Which is precisely the reason for the nervousness. The glut of good news already is eroding the determination of Congress to do something about the deficit. A court decision knocking out a key provision of the Gramm-Rudman-Hollings balanced budget act reduces the pressure to act.
There`s a feel-good atmosphere in this town, promoted by Reagan`s incorrigible optimism. With the news so good, many feel, why should Congress take all these painful steps to cut the deficit? The deficit, they say, is an overrated economic problem.
Bosworth said it is crucial to get the deficit down in order to push national savings up. The savings rate, one of the keys to our long-term economic health, is near an all-time low. The budget deficit itself, like a voracious Pac-Man, eats up the pool of national savings.

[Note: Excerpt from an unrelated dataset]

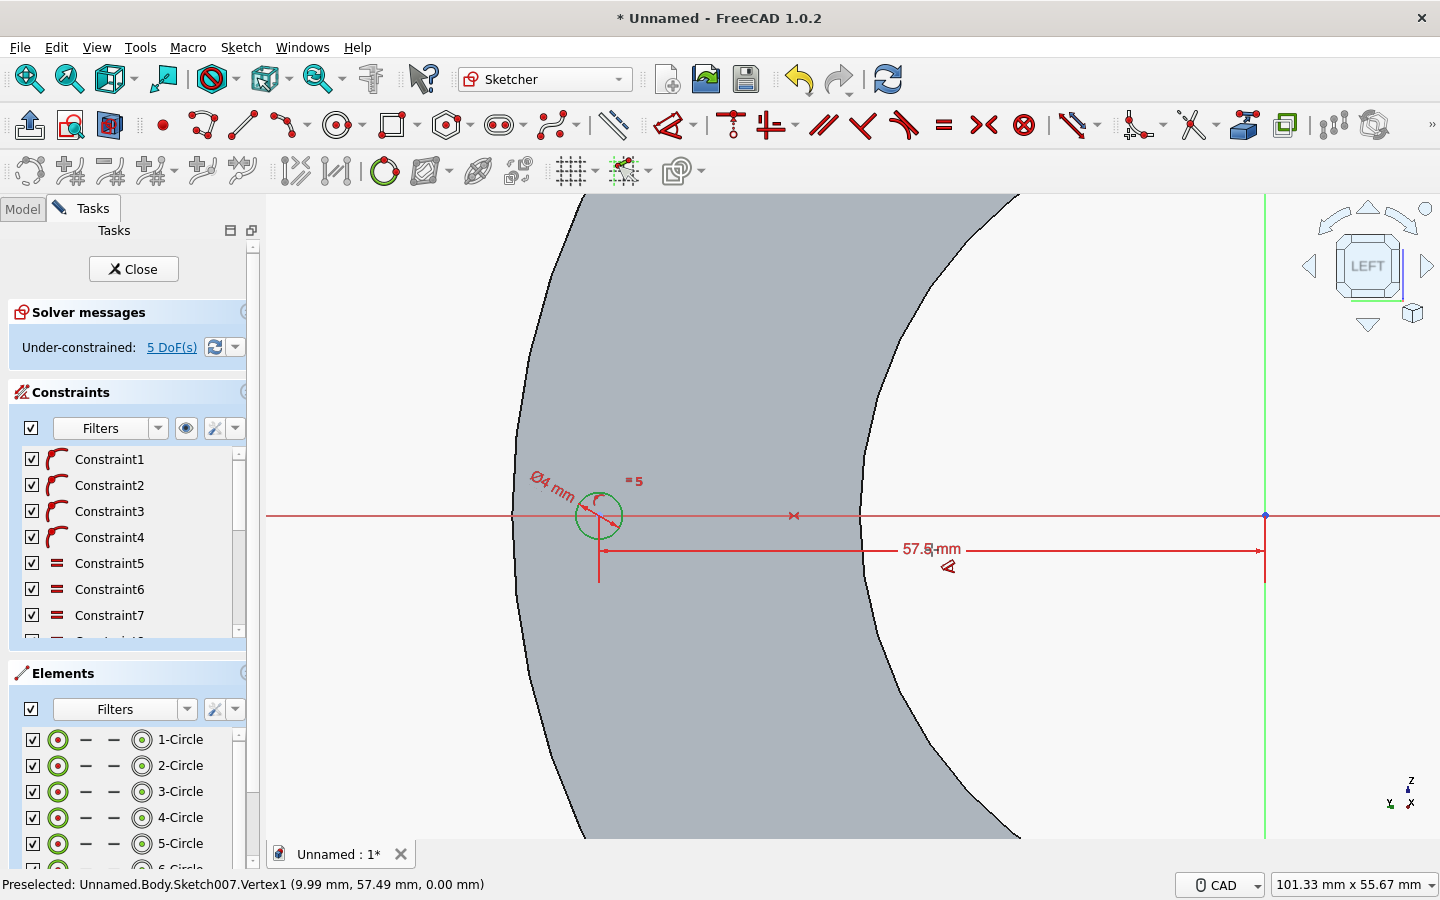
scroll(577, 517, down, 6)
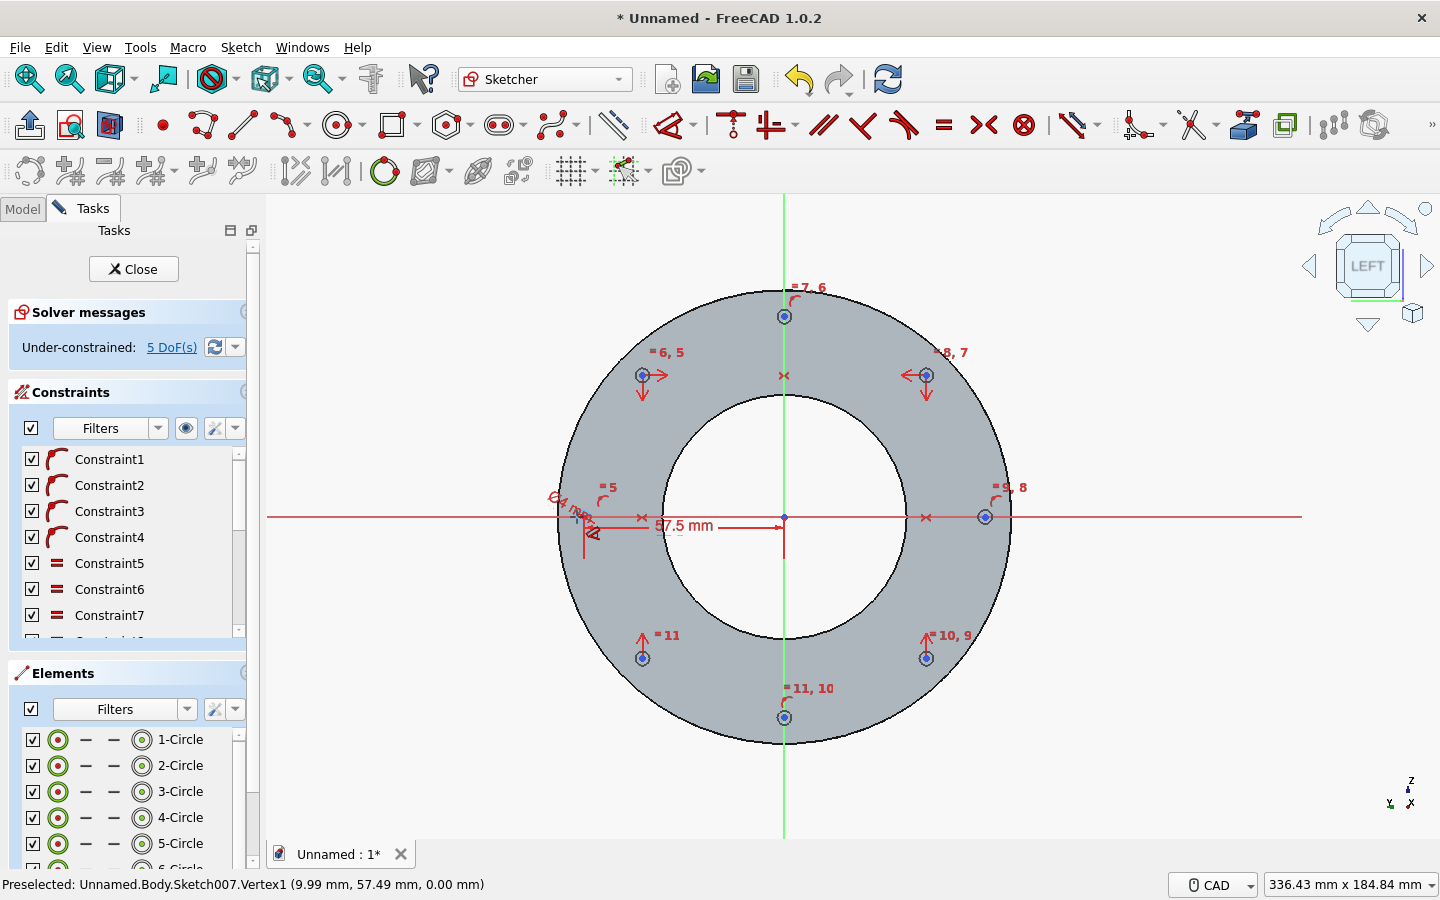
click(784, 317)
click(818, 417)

The administration tried to increase national savings in 1981 by reducing taxes, but the evidence indicates that this plan did not work, because it left the nation with massive doses of red ink in its accounts.
We have managed to finance this deficit by drawing billions of dollars of foreign money into the U.S.–money that will have to be paid back with interest. This will affect the standard of living of future generations.
If Congress is lulled to sleep by feel-good economics and does nothing about the deficit this year, 1987 may bring slower economic growth and greater risks. One reason the markets are doing so well is that they anticipate major action on the deficit this year. Failure to do this would only turn this nagging anxiety into pessimism.
The Reagan administration is going to ask Congress to change a $2 billion agricultural export subsidy program, because most of the subsidies would go to the Soviet Union.
That`s the word from White House aides, who say that Congress probably didn`t realize what it was doing when it approved the plan as part of the farm bill. The aim of the plan is to get rid of farm surpluses by offering foreign buyers extra grain for free when they make a purchase.
”A lot of other countries, especially in Europe, subsidize so much so that it`s hard to get rid of all the grain without going to the Soviet Union,” said one aide.